** TASK REQUIREMENTS **
The line containing "2. The star's" and every line after it, through the last line of the records, are to be transcribed exactly, and nothing else.

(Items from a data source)

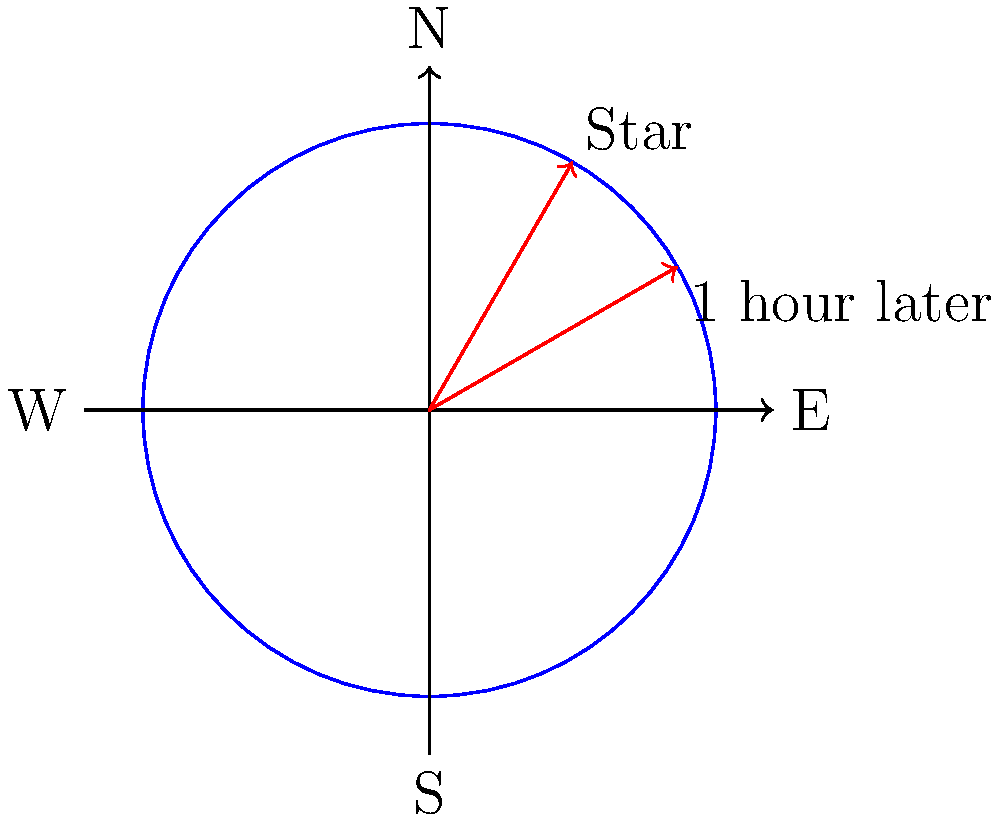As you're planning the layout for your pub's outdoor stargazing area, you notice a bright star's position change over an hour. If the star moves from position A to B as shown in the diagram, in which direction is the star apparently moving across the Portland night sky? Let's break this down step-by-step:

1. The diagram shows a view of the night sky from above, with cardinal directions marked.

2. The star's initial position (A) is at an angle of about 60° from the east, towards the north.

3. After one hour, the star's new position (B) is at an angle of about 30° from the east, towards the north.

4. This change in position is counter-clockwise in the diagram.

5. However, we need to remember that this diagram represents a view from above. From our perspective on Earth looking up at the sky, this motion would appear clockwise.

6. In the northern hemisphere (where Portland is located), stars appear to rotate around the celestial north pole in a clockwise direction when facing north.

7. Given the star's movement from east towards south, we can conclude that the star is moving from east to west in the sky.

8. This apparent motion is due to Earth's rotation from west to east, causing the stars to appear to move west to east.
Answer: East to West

** RESULT **
2. The star's initial position (A) is at an angle of about 60° from the east, towards the north.

3. After one hour, the star's new position (B) is at an angle of about 30° from the east, towards the north.

4. This change in position is counter-clockwise in the diagram.

5. However, we need to remember that this diagram represents a view from above. From our perspective on Earth looking up at the sky, this motion would appear clockwise.

6. In the northern hemisphere (where Portland is located), stars appear to rotate around the celestial north pole in a clockwise direction when facing north.

7. Given the star's movement from east towards south, we can conclude that the star is moving from east to west in the sky.

8. This apparent motion is due to Earth's rotation from west to east, causing the stars to appear to move west to east.
Answer: East to West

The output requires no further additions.